The core problem is the overlap. Summer residential AC demand has always stressed peak capacity. Data center load is not seasonal — it runs at high utilization year-round. When those two curves collide on the hottest days of the year, grid operators face a compound peak they were never resourced to handle.
ERCOT’s April 2026 projection makes the scale concrete: reaching 367,790 MW by 2032 would require building capacity equivalent to more than three times the current system record in under a decade. Utilities are responding — the $1.4 trillion in committed US grid investment is real — but analysts quoted in the source are direct that this infrastructure will arrive well behind the demand timeline. Stopgap measures such as reactivating retired fossil plants introduce additional cost and reliability risk that will shape energy procurement economics for years.
Why It Matters for Global Heads of Data Center Energy?
The immediate operational consequence is energy cost exposure. The Federal Reserve Bank of Dallas estimates wholesale power prices in Texas could rise between 20% and 50% in coming years — a range wide enough to materially affect PPA basis risk calculations, hedge structures, and operating budget forecasts for any portfolio with Texas exposure.
Beyond cost, the reliability framing matters for site strategy. If ERCOT is projecting a fourfold demand increase against current capacity, congestion events and load curtailment risk will intensify before new generation and transmission come online. Data centers that locked interconnection positions in ERCOT under earlier assumptions are now operating in a materially different risk environment than their original site analysis assumed.

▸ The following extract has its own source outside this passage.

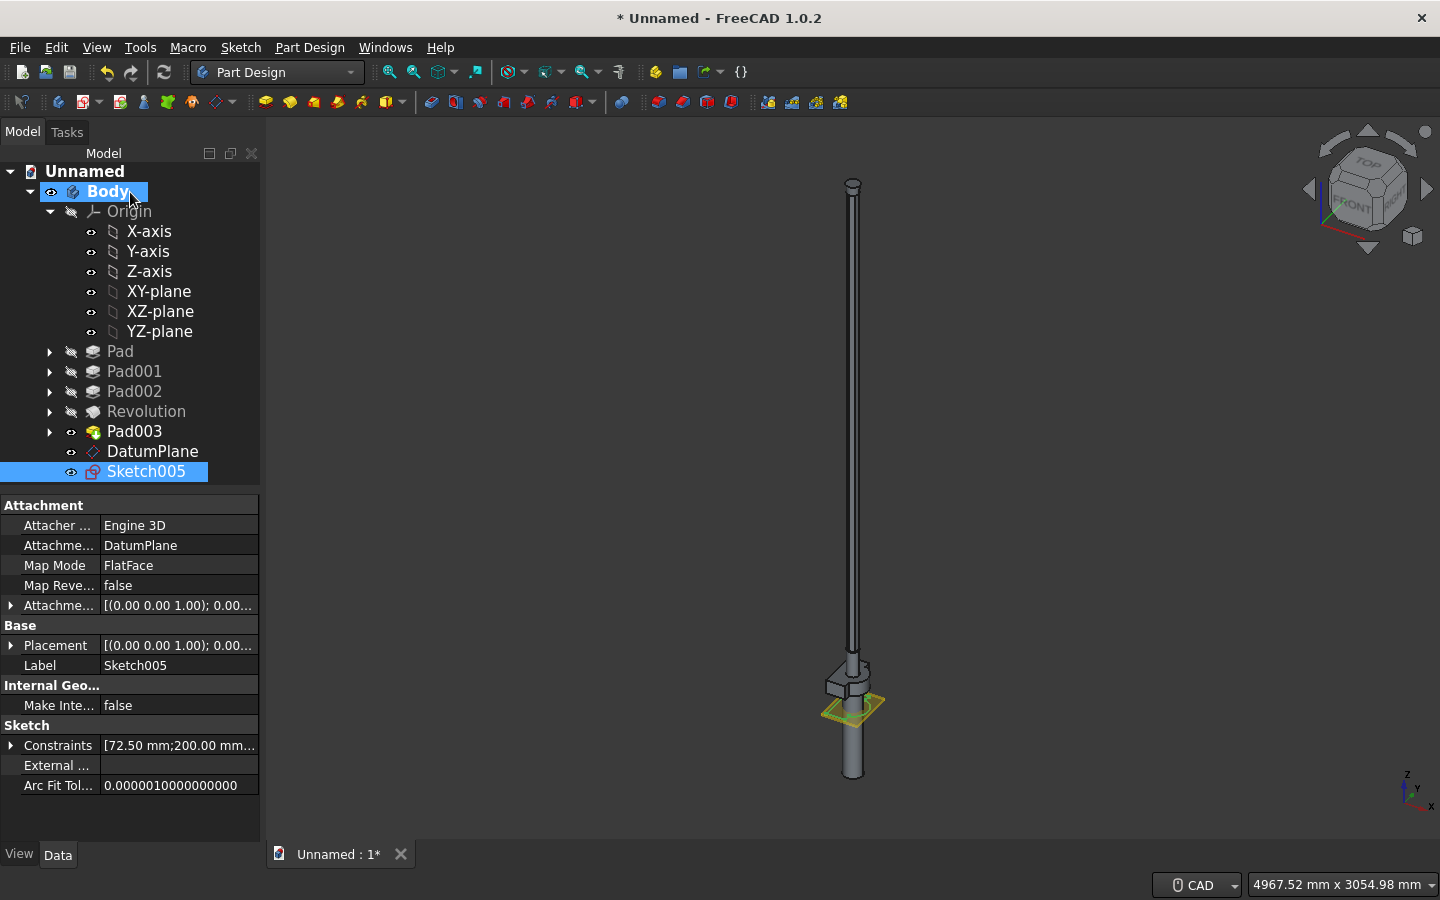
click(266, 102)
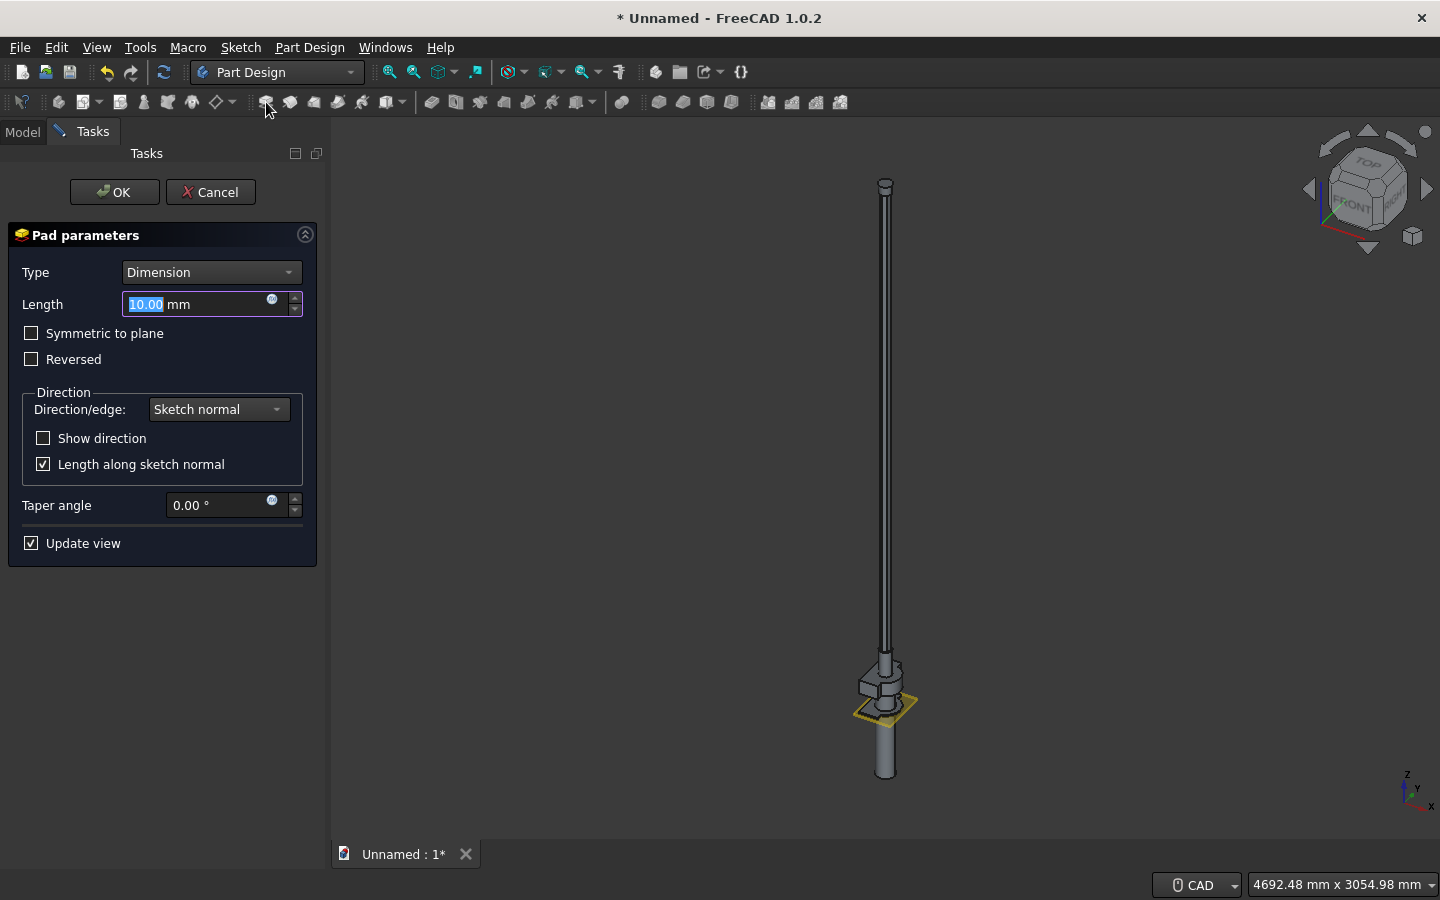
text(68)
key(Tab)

The Goldman Sachs forecast — a 165% increase in global data center power demand by 2030 — signals that this is not a Texas-specific story. It is a global portfolio-level stress. Heads of Energy who rely on reactive procurement when markets tighten will find themselves competing for the same constrained interconnection slots, PPAs, and grid capacity as every other hyperscaler and colo operator. The advantage accrues to those who have already structured long-dated offtake agreements, diversified geographic exposure, and secured firm transmission rights before congestion pricing embeds itself.
The Forward View
The next 18 to 36 months will likely determine which operators are capacity-constrained and which are positioned to absorb load growth. Utilities reactivating older thermal plants are buying time, not solving the structural gap — and they are doing so at higher marginal cost, which will flow through to wholesale prices before new clean generation reaches commercial scale.
For interconnection strategy, ERCOT’s demand projections will almost certainly accelerate queue positioning by competing operators. Markets that appeared secondary — MISO territories, Southeast utilities with faster interconnection timelines — may gain strategic relevance as PJM and ERCOT queues lengthen further. The $1.4 trillion in committed utility investment creates a contracting opportunity: operators who can partner directly with utilities on substation and transmission buildout, rather than waiting in queue, may accelerate their own power availability timelines. Watch for state PUC proceedings on cost allocation — who bears the infrastructure bill will reshape the economics of every new interconnection negotiation.
What We’re Uncertain About?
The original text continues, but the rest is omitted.